### EXERCISE DETAILS
Apart from the pictures, every line below needs to be reproduced verbatim.

┄┄┄┄┄┄┄┄┄┄

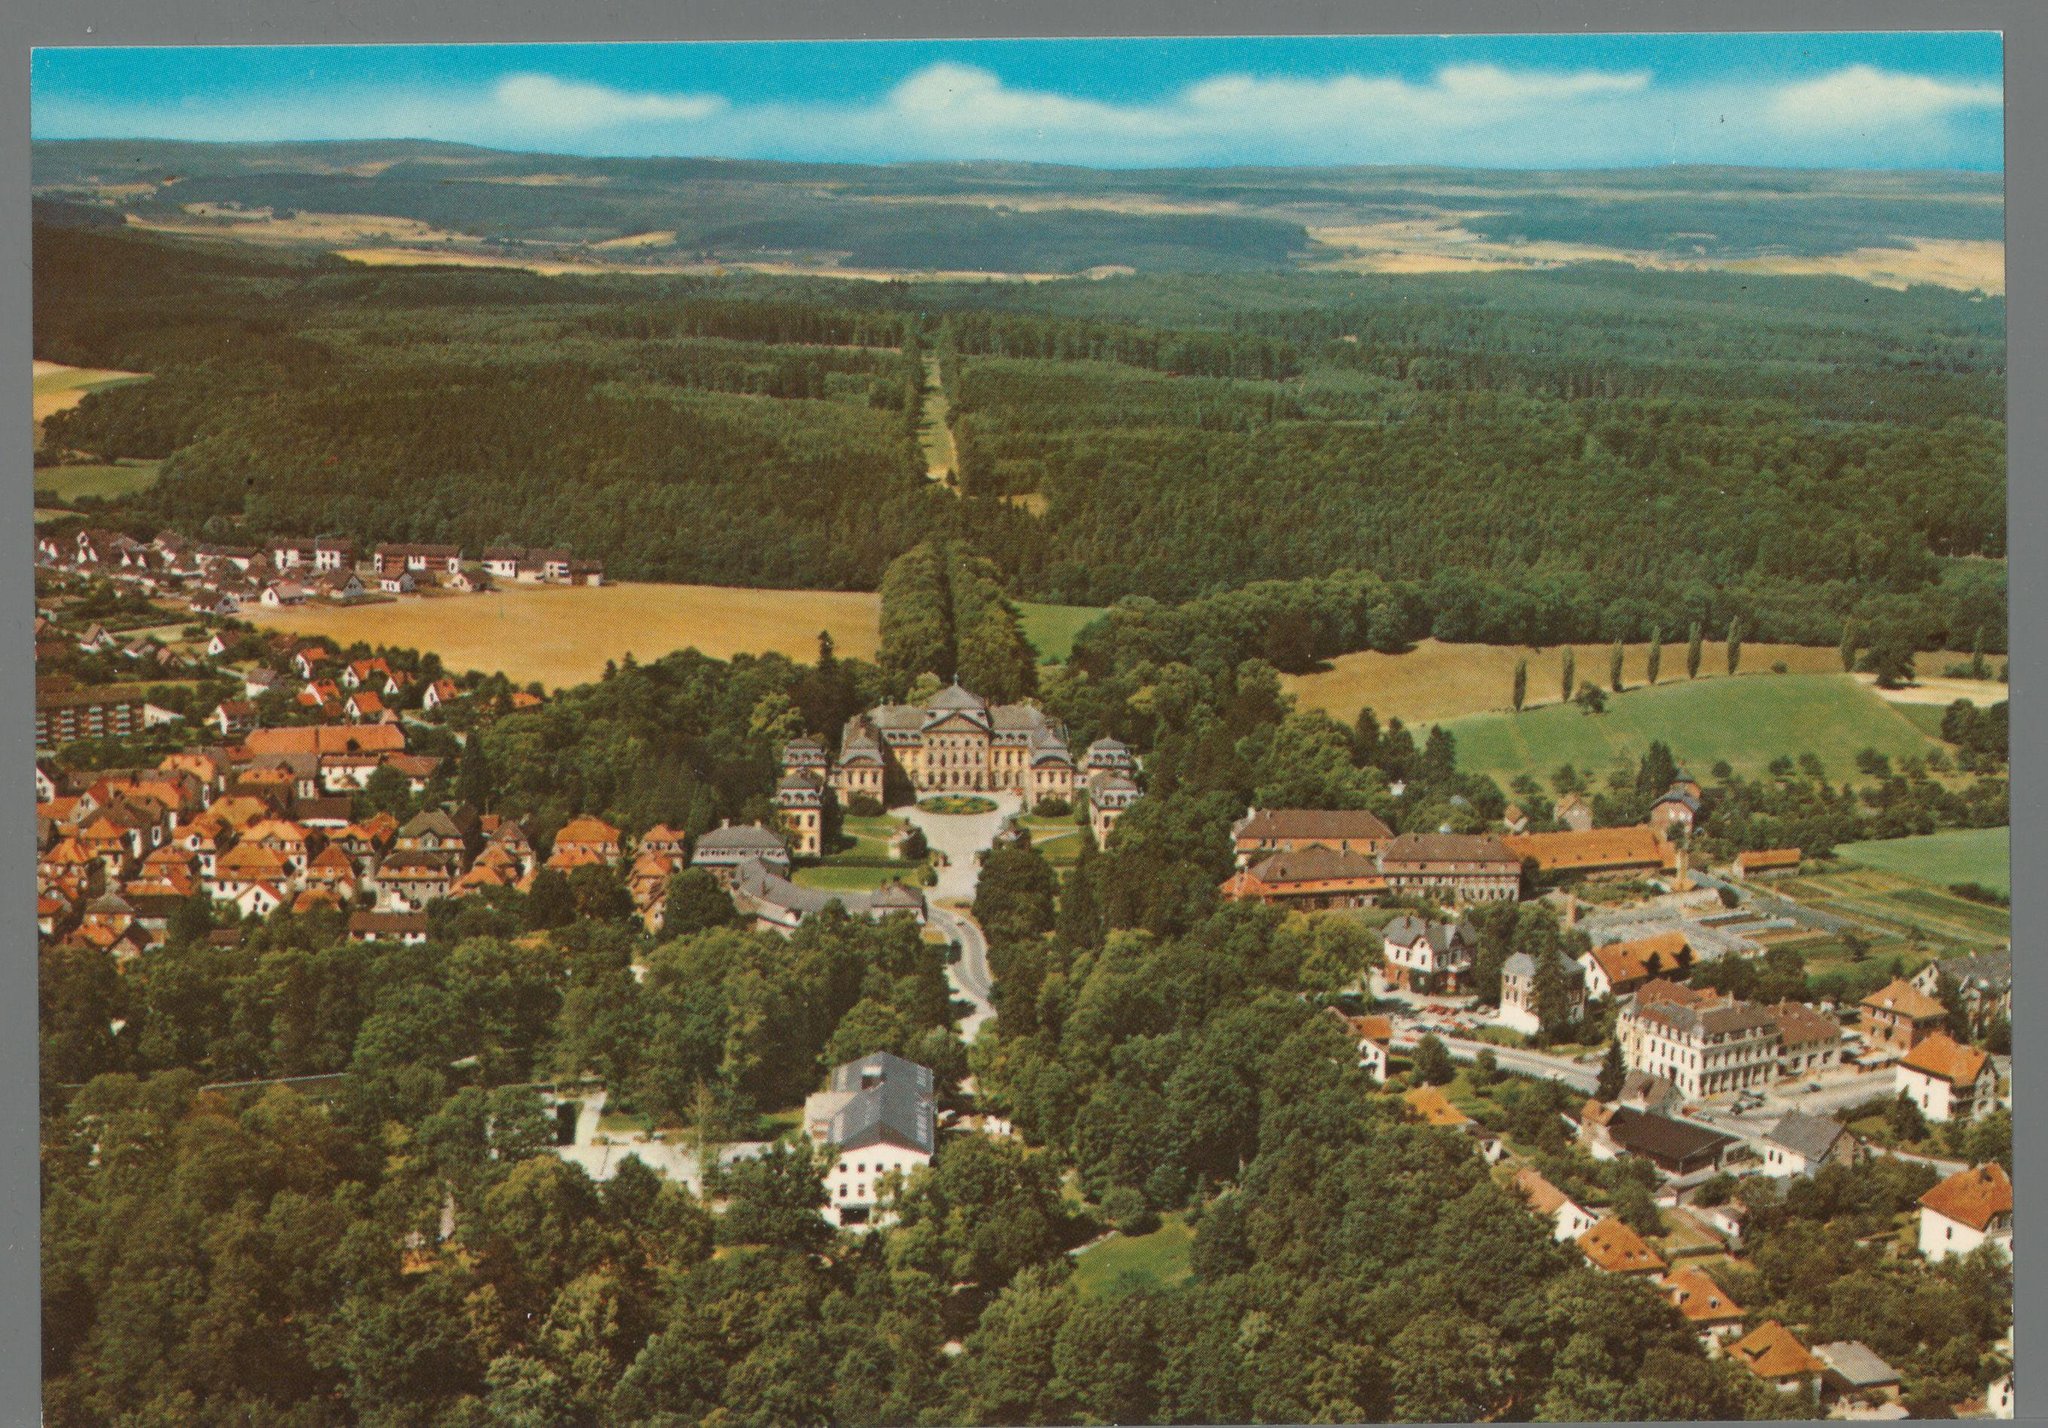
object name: photomechanical print
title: Arolsen im Ferienland Waldeck
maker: Anonymous
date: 1970-1990
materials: cardboard
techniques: offset printed
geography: bad arolsen
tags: city-view in general; 'veduta', castle, watering-place, spa

┄┄┄┄┄┄┄┄┄┄

### ANSWER AREA
object name: photomechanical print
title: Arolsen im Ferienland Waldeck
maker: Anonymous
date: 1970-1990
materials: cardboard
techniques: offset printed
geography: bad arolsen
tags: city-view in general; 'veduta', castle, watering-place, spa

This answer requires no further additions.